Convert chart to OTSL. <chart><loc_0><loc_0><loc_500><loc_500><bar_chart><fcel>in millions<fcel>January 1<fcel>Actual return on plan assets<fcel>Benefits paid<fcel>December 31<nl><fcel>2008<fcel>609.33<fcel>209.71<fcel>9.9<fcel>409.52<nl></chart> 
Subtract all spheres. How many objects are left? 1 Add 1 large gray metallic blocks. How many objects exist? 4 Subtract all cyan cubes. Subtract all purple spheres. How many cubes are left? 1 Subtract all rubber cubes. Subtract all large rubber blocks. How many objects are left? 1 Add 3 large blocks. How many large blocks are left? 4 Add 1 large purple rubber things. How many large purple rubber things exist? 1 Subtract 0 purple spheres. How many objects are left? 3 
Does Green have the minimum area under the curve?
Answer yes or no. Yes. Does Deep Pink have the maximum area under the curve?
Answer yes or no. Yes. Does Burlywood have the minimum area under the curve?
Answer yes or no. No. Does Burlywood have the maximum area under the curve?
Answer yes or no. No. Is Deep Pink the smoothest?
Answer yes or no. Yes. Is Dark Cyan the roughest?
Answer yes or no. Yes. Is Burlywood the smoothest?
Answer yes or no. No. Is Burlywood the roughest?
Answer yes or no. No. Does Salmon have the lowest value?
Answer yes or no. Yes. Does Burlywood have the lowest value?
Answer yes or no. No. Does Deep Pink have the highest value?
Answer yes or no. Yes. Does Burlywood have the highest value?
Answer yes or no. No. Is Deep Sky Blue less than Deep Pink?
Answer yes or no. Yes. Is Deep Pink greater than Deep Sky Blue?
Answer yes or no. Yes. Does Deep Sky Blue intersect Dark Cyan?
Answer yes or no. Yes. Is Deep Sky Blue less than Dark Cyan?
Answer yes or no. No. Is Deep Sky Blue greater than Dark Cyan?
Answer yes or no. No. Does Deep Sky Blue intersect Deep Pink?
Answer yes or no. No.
---
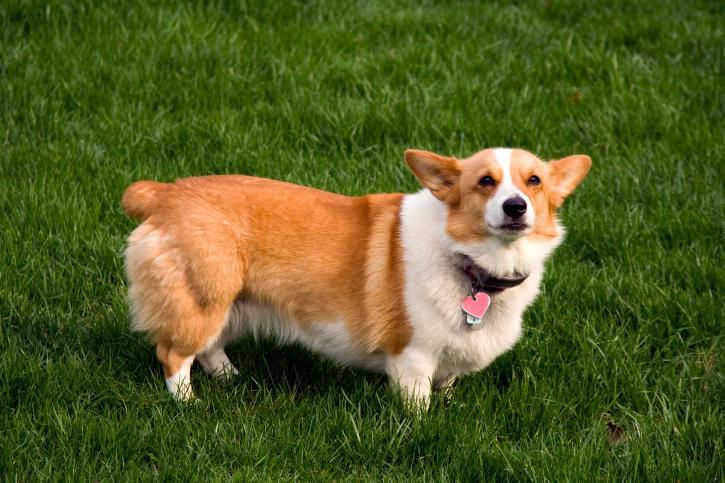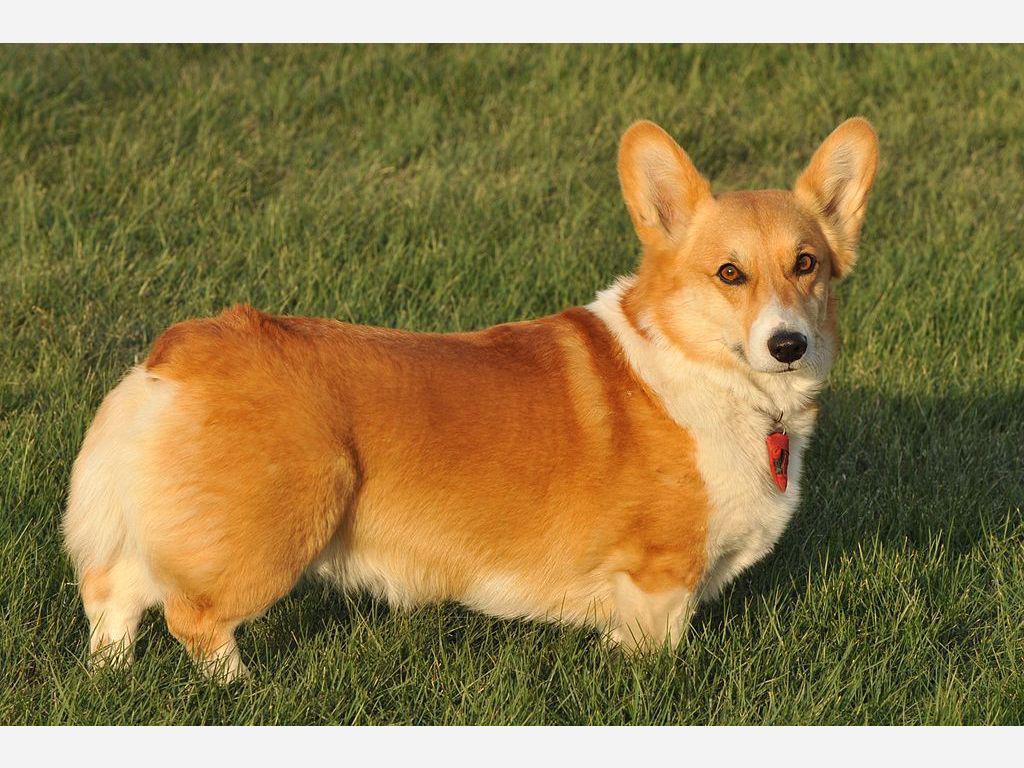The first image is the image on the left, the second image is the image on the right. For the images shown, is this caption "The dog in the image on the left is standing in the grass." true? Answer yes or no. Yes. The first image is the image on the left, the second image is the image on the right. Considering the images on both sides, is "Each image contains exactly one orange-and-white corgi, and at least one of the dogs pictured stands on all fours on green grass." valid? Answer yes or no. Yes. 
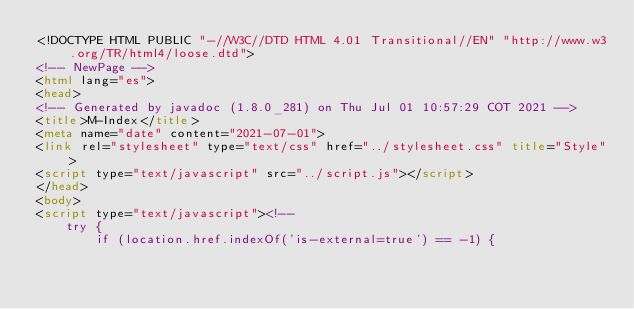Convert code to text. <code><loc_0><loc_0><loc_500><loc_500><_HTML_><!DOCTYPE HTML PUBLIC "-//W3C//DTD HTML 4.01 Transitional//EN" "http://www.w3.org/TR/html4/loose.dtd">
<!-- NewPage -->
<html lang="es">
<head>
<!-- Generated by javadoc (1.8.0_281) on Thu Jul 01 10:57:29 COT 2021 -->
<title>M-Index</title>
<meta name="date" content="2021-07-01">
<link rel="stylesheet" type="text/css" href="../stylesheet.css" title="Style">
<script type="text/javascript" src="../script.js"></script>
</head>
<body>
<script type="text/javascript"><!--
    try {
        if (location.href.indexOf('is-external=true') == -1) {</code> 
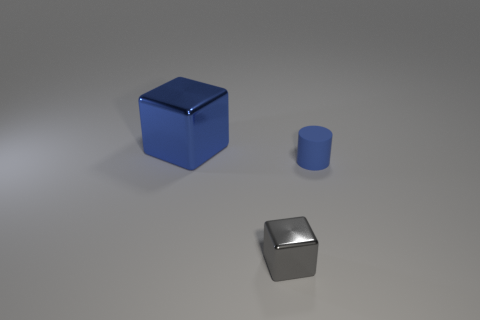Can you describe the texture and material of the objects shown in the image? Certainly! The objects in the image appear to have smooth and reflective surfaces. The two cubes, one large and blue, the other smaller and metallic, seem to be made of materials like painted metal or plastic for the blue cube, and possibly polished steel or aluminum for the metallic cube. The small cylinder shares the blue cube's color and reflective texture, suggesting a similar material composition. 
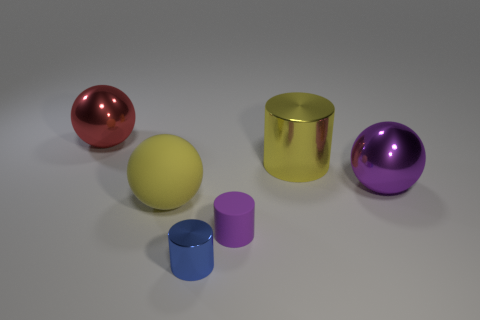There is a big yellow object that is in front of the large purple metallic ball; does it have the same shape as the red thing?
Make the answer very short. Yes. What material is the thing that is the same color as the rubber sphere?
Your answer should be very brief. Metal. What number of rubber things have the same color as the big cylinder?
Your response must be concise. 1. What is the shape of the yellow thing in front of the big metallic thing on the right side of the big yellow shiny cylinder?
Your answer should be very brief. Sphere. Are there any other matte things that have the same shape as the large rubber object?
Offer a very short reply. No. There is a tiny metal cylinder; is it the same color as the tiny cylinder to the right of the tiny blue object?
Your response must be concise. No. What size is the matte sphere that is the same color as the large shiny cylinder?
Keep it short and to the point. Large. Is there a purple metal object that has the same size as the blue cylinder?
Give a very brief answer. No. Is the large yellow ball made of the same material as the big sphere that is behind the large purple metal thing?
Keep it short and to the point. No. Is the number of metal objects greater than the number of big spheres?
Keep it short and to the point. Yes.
---
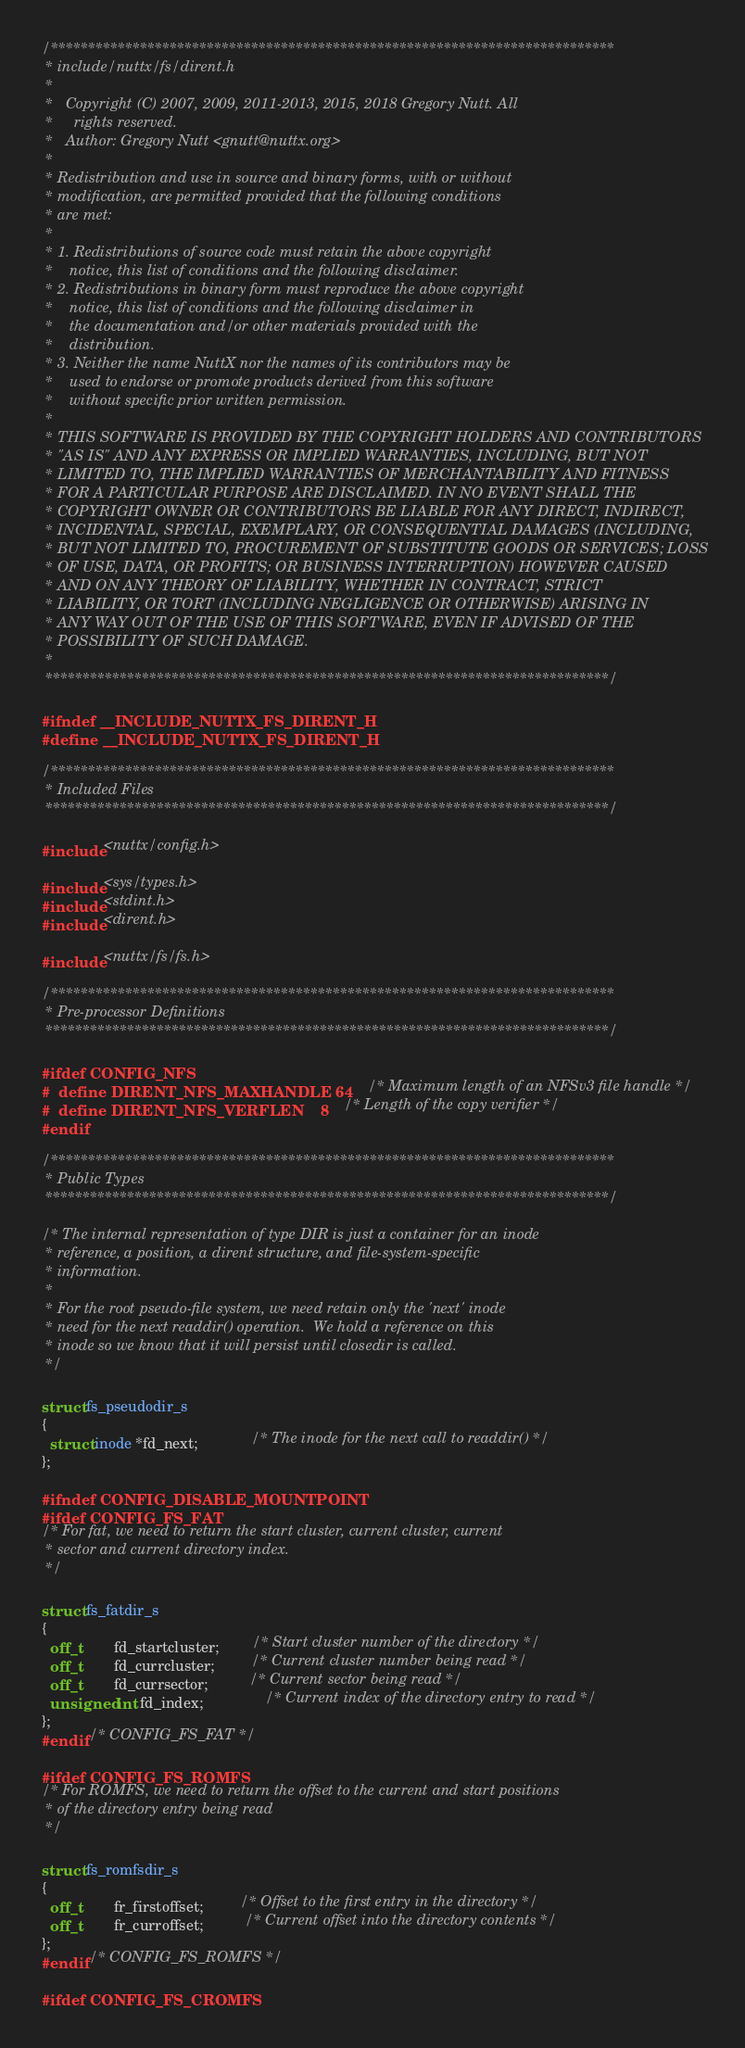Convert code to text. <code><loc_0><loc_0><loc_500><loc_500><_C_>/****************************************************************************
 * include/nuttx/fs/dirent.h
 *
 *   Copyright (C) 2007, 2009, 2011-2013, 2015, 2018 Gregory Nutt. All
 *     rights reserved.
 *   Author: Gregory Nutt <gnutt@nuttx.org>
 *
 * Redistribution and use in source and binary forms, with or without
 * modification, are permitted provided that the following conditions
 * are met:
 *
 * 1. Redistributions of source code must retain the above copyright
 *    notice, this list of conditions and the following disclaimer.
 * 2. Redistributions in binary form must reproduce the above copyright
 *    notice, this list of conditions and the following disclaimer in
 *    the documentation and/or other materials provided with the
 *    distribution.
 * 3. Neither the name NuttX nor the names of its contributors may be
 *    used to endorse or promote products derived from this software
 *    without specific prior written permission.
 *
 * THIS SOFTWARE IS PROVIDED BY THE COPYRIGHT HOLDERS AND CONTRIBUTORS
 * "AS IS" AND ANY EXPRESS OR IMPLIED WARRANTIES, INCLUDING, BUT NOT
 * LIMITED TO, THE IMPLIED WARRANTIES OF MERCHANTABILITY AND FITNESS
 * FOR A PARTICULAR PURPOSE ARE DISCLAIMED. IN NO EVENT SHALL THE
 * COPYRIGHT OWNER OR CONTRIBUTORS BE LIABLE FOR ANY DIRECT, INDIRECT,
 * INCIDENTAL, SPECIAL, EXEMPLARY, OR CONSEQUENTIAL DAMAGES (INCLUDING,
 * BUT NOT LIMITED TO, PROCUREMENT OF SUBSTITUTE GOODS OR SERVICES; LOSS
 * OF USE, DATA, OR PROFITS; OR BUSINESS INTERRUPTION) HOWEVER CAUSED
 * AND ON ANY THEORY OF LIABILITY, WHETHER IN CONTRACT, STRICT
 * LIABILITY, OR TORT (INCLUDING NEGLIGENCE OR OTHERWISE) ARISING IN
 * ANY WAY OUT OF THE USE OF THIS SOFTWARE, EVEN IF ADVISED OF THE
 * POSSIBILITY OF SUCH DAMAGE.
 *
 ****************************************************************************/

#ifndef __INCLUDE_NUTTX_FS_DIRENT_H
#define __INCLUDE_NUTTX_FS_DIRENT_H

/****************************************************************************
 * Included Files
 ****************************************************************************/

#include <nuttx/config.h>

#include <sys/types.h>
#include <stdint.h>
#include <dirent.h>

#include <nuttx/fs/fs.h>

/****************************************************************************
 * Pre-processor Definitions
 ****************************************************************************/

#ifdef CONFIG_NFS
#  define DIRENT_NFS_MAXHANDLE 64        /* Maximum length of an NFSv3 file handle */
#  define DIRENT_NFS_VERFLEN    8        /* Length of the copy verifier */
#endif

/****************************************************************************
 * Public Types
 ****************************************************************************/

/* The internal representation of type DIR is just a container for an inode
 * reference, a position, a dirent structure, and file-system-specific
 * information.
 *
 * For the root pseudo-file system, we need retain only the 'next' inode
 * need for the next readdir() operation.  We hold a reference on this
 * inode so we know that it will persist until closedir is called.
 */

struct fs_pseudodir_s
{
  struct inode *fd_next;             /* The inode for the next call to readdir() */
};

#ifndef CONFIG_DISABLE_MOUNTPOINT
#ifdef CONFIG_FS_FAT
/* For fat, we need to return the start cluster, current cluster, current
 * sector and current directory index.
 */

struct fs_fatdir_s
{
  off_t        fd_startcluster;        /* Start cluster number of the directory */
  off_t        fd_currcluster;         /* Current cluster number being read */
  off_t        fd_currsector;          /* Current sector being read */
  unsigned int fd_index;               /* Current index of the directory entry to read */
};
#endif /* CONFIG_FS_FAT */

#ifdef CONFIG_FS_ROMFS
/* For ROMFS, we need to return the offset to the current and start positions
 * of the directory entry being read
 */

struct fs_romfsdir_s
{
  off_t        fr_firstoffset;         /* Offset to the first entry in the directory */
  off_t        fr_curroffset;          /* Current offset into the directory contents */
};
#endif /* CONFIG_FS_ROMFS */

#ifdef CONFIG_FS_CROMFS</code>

Assignment:
Beginning with the line holding "valid? Answer yes or no. Yes." in the material above, restate word for word each line through the line holding "There is a big", and exclude pictures.

Result below:
The first image is the image on the left, the second image is the image on the right. For the images shown, is this caption "The dog in the image on the left is standing in the grass." true? Answer yes or no. Yes. The first image is the image on the left, the second image is the image on the right. Considering the images on both sides, is "Each image contains exactly one orange-and-white corgi, and at least one of the dogs pictured stands on all fours on green grass." valid? Answer yes or no. Yes. 
Convert code to text. <code><loc_0><loc_0><loc_500><loc_500><_HTML_><!DOCTYPE HTML PUBLIC "-//W3C//DTD HTML 4.01 Transitional//EN" "http://www.w3.org/TR/html4/loose.dtd">
<!-- NewPage -->
<html lang="es">
<head>
<!-- Generated by javadoc (1.8.0_281) on Thu Jul 01 10:57:29 COT 2021 -->
<title>M-Index</title>
<meta name="date" content="2021-07-01">
<link rel="stylesheet" type="text/css" href="../stylesheet.css" title="Style">
<script type="text/javascript" src="../script.js"></script>
</head>
<body>
<script type="text/javascript"><!--
    try {
        if (location.href.indexOf('is-external=true') == -1) {</code> 
Can you describe the texture and material of the objects shown in the image? Certainly! The objects in the image appear to have smooth and reflective surfaces. The two cubes, one large and blue, the other smaller and metallic, seem to be made of materials like painted metal or plastic for the blue cube, and possibly polished steel or aluminum for the metallic cube. The small cylinder shares the blue cube's color and reflective texture, suggesting a similar material composition. 
There is a big yellow object that is in front of the large purple metallic ball; does it have the same shape as the red thing?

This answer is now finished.